The sell-off Tuesday presented investors with an opportunity to buy what Cramer called the one of the “greatest turnaround stories of the era” at a lower price: Las Vegas Sands.

Shares of the casino operator are now trading three points off its 52-week high, but just 18 months ago investors worried it wouldn’t be able to repay its debt and the stock traded below $1.50. Moody’s upgraded its debt Friday and on July 28, the company reported a “beautiful, blow-out” quarterly earnings of 17 cents a share for an 8-cent beat on revenues that increased by 50.7% from the year before.

The turnaround at Las Vegas Sands was made possible, in part, with their “huge bet” on Macau, which is one of just two Chinese cities where gambling is legal. Cramer called it the “Vegas of the People’s Republic,” where China’s booming middle class goes to spend their money. LVS now has three properties there: The Sands Macau, Venetian Macau and the Four Seasons Macau. In the most recent quarter, net revenue rose for these properties by 29 percent, 31 percent and 196 percent, respectively.

In July, Las Vegas Sands opened the Marina Bay Sands report in Singapore. The country awarded the casino operator one of only two licenses to develop integrated resorts. In the first 65 days of operation, the Singapore property contributed $94.5 million in adjusted earnings before interest, taxes, depreciation and amortization.

Seventy-five percent of Las Vegas Sands’ business comes from outside of the US, but the casino operator has two properties in Vegas—the Venetian and the Palazzo—and another in Pennsylvania; the Sands Bethlehem. Cramer said the Vegas properties are “performing well relative to the competition.”

Cramer said the turnaround also has to do with its balance sheet.
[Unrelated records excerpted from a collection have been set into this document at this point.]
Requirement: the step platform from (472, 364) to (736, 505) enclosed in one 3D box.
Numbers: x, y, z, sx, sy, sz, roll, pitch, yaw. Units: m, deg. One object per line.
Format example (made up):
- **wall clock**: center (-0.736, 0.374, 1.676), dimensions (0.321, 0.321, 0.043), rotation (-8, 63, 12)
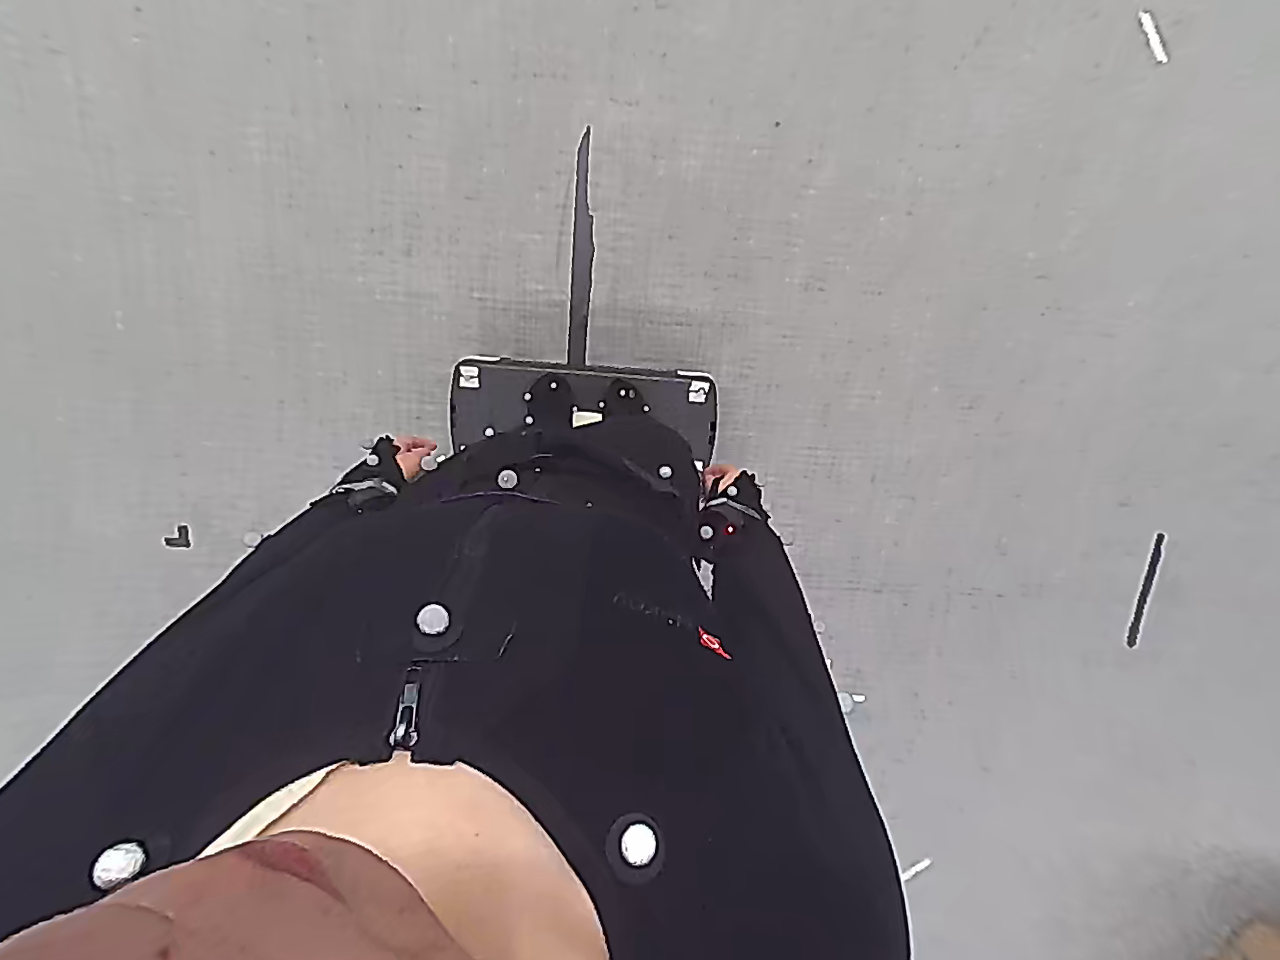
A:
- **step platform**: center (-0.093, -0.123, 1.443), dimensions (0.684, 0.204, 0.286), rotation (8, 102, -4)
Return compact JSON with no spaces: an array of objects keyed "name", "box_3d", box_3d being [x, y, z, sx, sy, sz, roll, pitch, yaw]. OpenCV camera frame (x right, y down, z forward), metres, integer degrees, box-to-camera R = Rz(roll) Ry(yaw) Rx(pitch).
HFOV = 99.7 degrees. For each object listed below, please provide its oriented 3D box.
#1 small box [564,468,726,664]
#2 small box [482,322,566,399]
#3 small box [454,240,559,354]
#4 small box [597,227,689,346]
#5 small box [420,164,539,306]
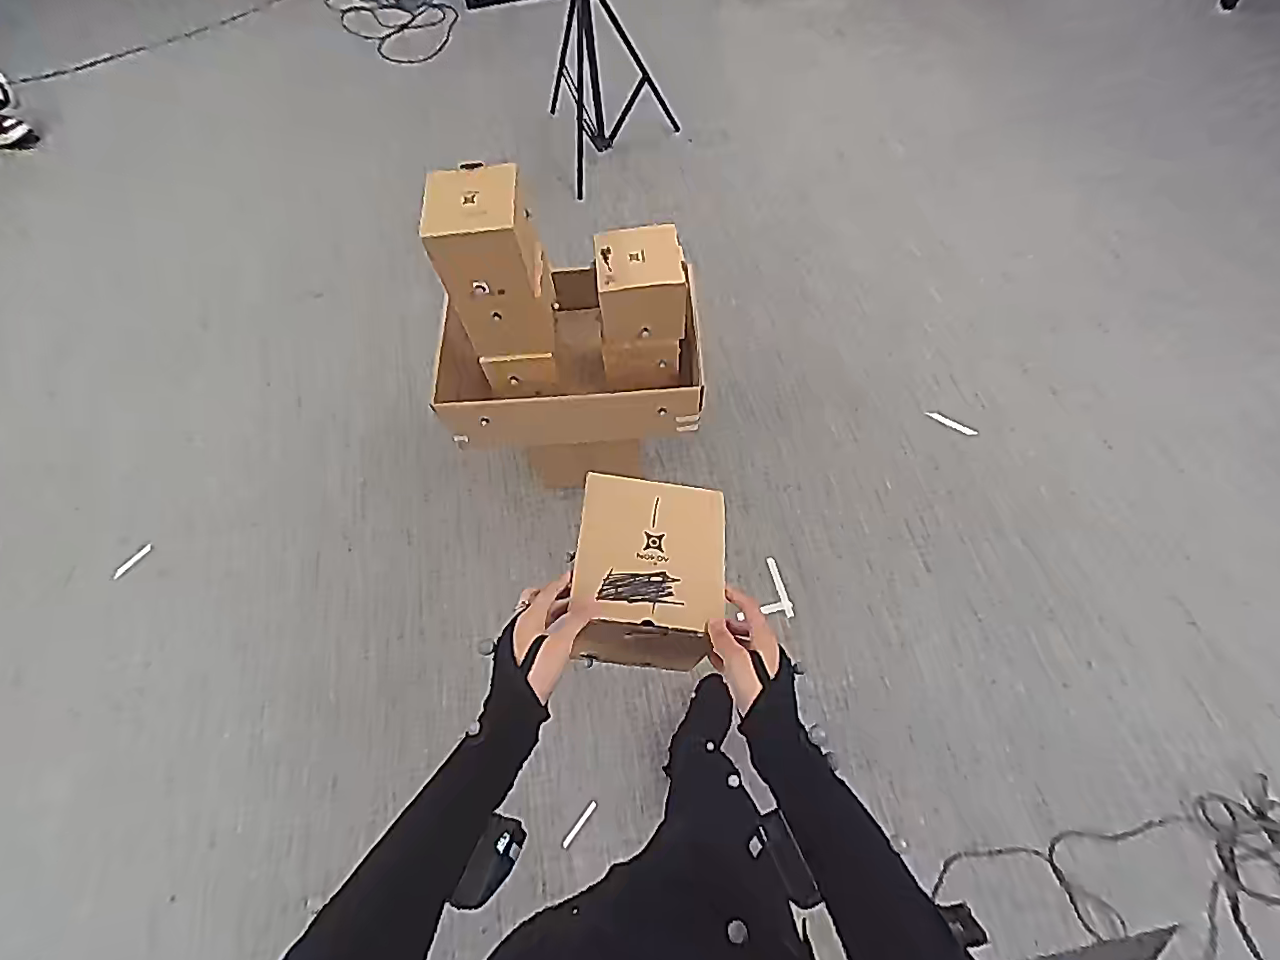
[{"name":"small box","box_3d":[0.003,0.111,0.652,0.168,0.176,0.179,8,57,-5]},{"name":"small box","box_3d":[-0.274,-0.308,1.309,0.168,0.176,0.179,-4,64,0]},{"name":"small box","box_3d":[-0.278,-0.387,1.164,0.179,0.176,0.168,-3,64,1]},{"name":"small box","box_3d":[0.005,-0.407,1.152,0.179,0.176,0.168,-6,65,0]},{"name":"small box","box_3d":[-0.291,-0.456,1.016,0.168,0.176,0.179,-6,63,1]}]

It was so debt-laden that the company seemed it could fold in 2008. But the company raised $3 billion from its initial public offering of Sands China in November 2009, and, on Aug. 18, LVS announced it would pay down $1 billion in debt and amend its $3.9 billion credit facility, so loans aren’t due until 2015 and 2016. That way, the company won’t spend as much on interest payments and the savings go to the bottom line.

Las Vegas Sands is currently selling for 27 times next year’s earnings versus Cramer fave Wynn Resorts, which is trading at 39 times next year’s earnings. Compared to Wynn, LVS has more exposure to Macau and Singapore and more room to clean up its balance sheet. Cramer thinks LVS could go higher over time, as people come to realize the potential in China’s burgeoning middle class.

“What happens in Vegas stays in Vegas, but what happens in Macau and Singapore goes right to Las Vegas Sands’ bottom line,” Cramer said. “Today’s 5 percent pullback in the stock could end up being a gift.”